What's more, the intention wasn't to persecute Jews per se: The Venetian
Republic segregated its Jews to placate the Roman Catholic Church, which had
already forced the expulsion of Jews from much of Western Europe.
The Ghetto both isolated and protected the Jewish residents of Venice who
lived within its walls. In The
Venetian Ghetto, Bernard Dov Cooperman
writes:
"The Ghetto's Jews did not refer to their enforced
residence as a jail. Rather, it was a biblical 'camp of the Hebrews,' a place
of Holiness on the way to the Promised Land. In Verona they declared a public
celebration of its establishment.
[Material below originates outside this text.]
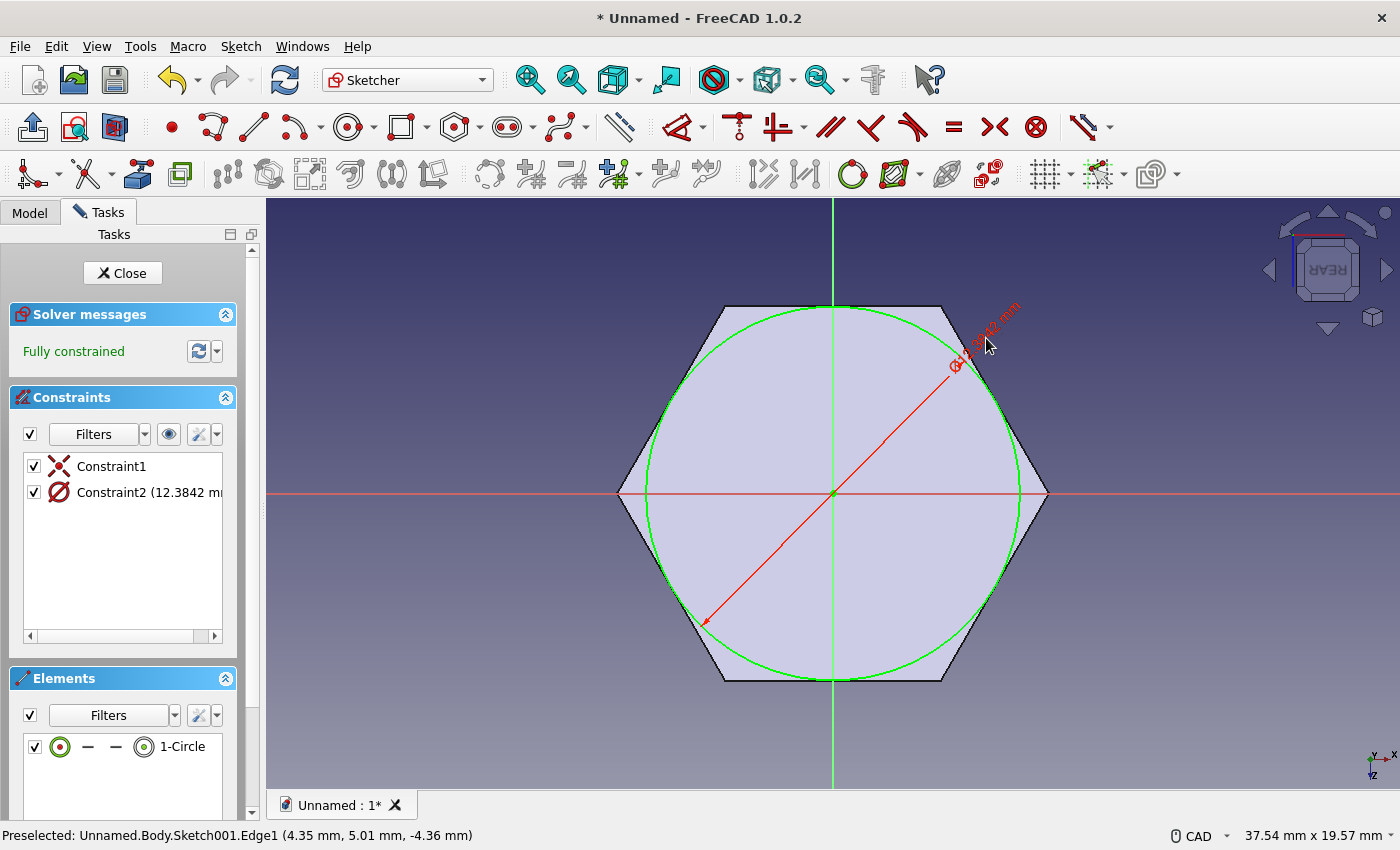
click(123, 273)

For the puritanical young rabbi,
Samuel Aboab, who had first seen Venice as a 13-year-old student, the
city's Ghetto seemed Isaiah's Jerusalem .... Aboab's attitude tells us much
about Venetian Jewry's intense efforts to order their enclosed world; his
choice of words tells us even more about how these Jews identified with their
community-behind-walls and gloried in it."
Cooperman adds:
"Throughout the Mediterranean region, it was quite
customary for foreign merchants to be housed in a separate quarter....When we
try to evaluate the Venetian Ghetto, we must remember that sixteenth-century
Venice also restricted the living quarters of Turkish and German
merchants....The Venetian Ghetto always served both religious sensibilities
and commercial needs. It allowed Venice to maintain its religious purity while
reacting to changed economic conditions."